HR 5018 would correct this deficiency. It would extend the exclusionary rule to real-time interception of email and to government seizure of email from an ISP while in storage waiting to be downloaded or read.
The Clinton Administration actually supported some extension of the exclusionary rule The Justice Department, however, argued that the exclusionary rule in 18 USC 2515 is too strict. This is not supported by the caselaw, from the Supreme Court on down.
Courts have held that when there is a violation of Title III that is of a constitutional magnitude, a good faith exception applies. Thus, the good faith exception has been applied to the failure of a judge to sign the wiretap order, US v. Moore, 41 F. 3d 370 (8th Cir. 1994), to inadequacies in the probable cause showing, US v. Millan, 817 F. Supp. 1072, 1078 (S.D. N.Y. 1993), and to other defects. See, e.g., US v. Ferrara, 771 F. Supp. 1266, 1314 (D. Mass 1991).
Moreover, as to non-constitutional violations of Title III, the Supreme Court has held that evidence cannot be excluded under 2515 for minor or technical violations. The Court held in United States v. Giordano, 416 US 505, 527 (1974) that suppression under 2515 is required only for "failure to satisfy any of those statutory requirements that directly and substantially implement the congressional intention to limit the use of intercept procedures to those situations clearly calling for the employment of this extraordinary investigative technique." In determining whether suppression is warranted, courts must examine whether the violated statutory requirement occupies "a central role in the statutory scheme." Id. at 528. See also US v. Chavez, 416 US 562, 578 (1974).

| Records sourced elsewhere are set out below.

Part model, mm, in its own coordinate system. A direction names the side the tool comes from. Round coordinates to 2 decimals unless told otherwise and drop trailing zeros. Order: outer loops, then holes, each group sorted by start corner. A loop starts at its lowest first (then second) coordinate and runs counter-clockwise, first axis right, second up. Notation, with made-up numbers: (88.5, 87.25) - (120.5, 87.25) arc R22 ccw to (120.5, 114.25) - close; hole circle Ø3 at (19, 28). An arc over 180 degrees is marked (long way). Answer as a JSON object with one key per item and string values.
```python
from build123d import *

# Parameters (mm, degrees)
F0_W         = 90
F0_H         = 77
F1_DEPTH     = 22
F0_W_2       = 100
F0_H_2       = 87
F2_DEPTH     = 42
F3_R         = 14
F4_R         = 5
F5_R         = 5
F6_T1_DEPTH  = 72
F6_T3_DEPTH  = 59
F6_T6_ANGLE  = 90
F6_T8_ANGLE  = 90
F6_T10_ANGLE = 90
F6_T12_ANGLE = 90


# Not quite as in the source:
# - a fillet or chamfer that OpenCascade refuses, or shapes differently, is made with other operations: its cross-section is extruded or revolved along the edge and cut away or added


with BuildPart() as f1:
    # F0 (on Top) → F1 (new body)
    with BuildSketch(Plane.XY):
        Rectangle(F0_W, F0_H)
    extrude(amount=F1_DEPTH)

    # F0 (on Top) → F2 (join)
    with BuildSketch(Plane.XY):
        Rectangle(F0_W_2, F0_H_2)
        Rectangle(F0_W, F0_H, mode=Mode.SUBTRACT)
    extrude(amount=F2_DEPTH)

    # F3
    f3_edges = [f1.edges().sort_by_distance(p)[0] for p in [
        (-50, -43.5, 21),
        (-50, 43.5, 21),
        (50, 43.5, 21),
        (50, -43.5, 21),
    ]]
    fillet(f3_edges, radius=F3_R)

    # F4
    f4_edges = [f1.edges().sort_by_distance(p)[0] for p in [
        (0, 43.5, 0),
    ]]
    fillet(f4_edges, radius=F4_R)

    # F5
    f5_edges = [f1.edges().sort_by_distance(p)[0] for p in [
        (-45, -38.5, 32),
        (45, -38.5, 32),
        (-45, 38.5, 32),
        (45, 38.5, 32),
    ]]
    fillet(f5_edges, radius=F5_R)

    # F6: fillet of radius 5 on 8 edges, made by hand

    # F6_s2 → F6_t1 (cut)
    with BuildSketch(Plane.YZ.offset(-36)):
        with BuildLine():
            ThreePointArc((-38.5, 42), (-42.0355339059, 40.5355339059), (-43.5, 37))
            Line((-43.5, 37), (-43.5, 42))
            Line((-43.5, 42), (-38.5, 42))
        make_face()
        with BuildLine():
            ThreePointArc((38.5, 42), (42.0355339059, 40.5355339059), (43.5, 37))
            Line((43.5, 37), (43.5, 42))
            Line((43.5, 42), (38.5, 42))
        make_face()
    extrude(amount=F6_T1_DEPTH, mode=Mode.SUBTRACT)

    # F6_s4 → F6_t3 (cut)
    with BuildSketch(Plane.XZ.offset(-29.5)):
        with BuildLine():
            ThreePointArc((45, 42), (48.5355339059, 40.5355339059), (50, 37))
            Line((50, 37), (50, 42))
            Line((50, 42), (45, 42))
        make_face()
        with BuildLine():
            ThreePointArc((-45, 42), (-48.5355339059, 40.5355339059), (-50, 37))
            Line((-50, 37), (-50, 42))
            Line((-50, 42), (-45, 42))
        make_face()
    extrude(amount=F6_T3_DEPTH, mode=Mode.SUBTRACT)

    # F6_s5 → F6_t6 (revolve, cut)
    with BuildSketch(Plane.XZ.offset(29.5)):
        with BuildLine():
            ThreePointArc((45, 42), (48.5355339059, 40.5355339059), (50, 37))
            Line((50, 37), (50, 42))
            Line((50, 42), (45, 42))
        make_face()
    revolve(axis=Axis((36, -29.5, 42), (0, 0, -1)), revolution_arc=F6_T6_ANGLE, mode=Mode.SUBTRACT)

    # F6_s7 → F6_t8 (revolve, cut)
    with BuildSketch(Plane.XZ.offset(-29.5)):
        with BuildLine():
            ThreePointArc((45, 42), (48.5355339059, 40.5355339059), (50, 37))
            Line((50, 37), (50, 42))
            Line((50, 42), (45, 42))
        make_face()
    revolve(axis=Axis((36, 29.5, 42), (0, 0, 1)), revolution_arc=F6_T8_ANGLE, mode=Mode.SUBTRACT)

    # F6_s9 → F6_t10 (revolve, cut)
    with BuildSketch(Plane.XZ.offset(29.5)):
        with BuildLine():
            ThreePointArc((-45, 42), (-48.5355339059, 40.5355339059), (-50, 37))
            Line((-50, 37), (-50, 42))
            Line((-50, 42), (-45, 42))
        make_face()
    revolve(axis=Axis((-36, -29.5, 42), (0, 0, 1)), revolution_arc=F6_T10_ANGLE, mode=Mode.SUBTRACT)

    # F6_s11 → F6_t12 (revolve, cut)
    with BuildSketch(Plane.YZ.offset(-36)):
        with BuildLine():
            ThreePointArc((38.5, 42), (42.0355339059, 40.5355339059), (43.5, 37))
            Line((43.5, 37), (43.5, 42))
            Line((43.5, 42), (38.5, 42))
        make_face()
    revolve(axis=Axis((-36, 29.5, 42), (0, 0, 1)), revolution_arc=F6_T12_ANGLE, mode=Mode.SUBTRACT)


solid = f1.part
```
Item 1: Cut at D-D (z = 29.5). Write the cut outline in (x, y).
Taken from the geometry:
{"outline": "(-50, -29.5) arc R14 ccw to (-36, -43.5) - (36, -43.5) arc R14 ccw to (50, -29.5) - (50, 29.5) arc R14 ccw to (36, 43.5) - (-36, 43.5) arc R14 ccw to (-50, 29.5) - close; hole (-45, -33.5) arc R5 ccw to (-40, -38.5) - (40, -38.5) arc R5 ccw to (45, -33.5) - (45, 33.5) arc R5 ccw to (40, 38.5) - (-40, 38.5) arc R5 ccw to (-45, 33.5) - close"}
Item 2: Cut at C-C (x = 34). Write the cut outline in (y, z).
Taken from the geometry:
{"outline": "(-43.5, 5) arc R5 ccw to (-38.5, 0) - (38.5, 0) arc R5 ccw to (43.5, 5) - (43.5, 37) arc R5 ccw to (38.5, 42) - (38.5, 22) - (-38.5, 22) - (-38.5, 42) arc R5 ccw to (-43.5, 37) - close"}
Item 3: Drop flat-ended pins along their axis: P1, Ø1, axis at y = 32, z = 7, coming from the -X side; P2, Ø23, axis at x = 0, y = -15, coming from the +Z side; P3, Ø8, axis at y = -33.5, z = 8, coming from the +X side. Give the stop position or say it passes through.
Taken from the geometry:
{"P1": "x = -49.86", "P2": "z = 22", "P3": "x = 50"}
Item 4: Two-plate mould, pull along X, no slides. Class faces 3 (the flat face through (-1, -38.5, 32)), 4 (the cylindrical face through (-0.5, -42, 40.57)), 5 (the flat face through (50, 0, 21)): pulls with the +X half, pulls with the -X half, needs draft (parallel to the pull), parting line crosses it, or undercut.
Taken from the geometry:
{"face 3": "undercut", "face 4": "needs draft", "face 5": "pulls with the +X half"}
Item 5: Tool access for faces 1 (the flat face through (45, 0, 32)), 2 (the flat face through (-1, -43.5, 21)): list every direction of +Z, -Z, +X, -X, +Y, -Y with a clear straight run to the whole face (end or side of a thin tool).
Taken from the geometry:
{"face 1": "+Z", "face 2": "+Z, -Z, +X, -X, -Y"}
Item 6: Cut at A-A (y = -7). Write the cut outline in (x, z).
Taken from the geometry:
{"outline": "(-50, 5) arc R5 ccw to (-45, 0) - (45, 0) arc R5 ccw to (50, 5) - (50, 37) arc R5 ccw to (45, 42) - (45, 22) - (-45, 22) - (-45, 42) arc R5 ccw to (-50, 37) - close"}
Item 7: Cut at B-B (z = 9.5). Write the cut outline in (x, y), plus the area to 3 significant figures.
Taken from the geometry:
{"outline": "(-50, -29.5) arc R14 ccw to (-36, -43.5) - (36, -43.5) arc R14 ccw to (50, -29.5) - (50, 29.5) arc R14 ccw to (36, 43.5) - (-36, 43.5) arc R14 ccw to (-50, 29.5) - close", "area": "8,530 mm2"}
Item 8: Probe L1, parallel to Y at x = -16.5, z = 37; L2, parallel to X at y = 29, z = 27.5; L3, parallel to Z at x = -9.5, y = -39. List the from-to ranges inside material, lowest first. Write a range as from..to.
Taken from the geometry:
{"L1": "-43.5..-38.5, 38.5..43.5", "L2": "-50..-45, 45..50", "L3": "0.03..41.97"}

As one leading treatise says, "many violations of the requirements of Title III will lead to either no suppression or only partial suppression. ... In most jurisdictions there are relatively few violations which will lead to the ultimate and absolute sanction of complete suppression of all surveillance evidence. ... In many instances the government has disregarded procedural protections established by sec. 2518 without affecting the admissibility of the eavesdropping evidence." Carr, The Law of Electronic Surveillance, Sec. 6.3.
These cases show that Congress should consider strengthening the statutory exclusion rule in light of its erosion by the courts, and certainly show that the Justice Department's opposition is unsupported.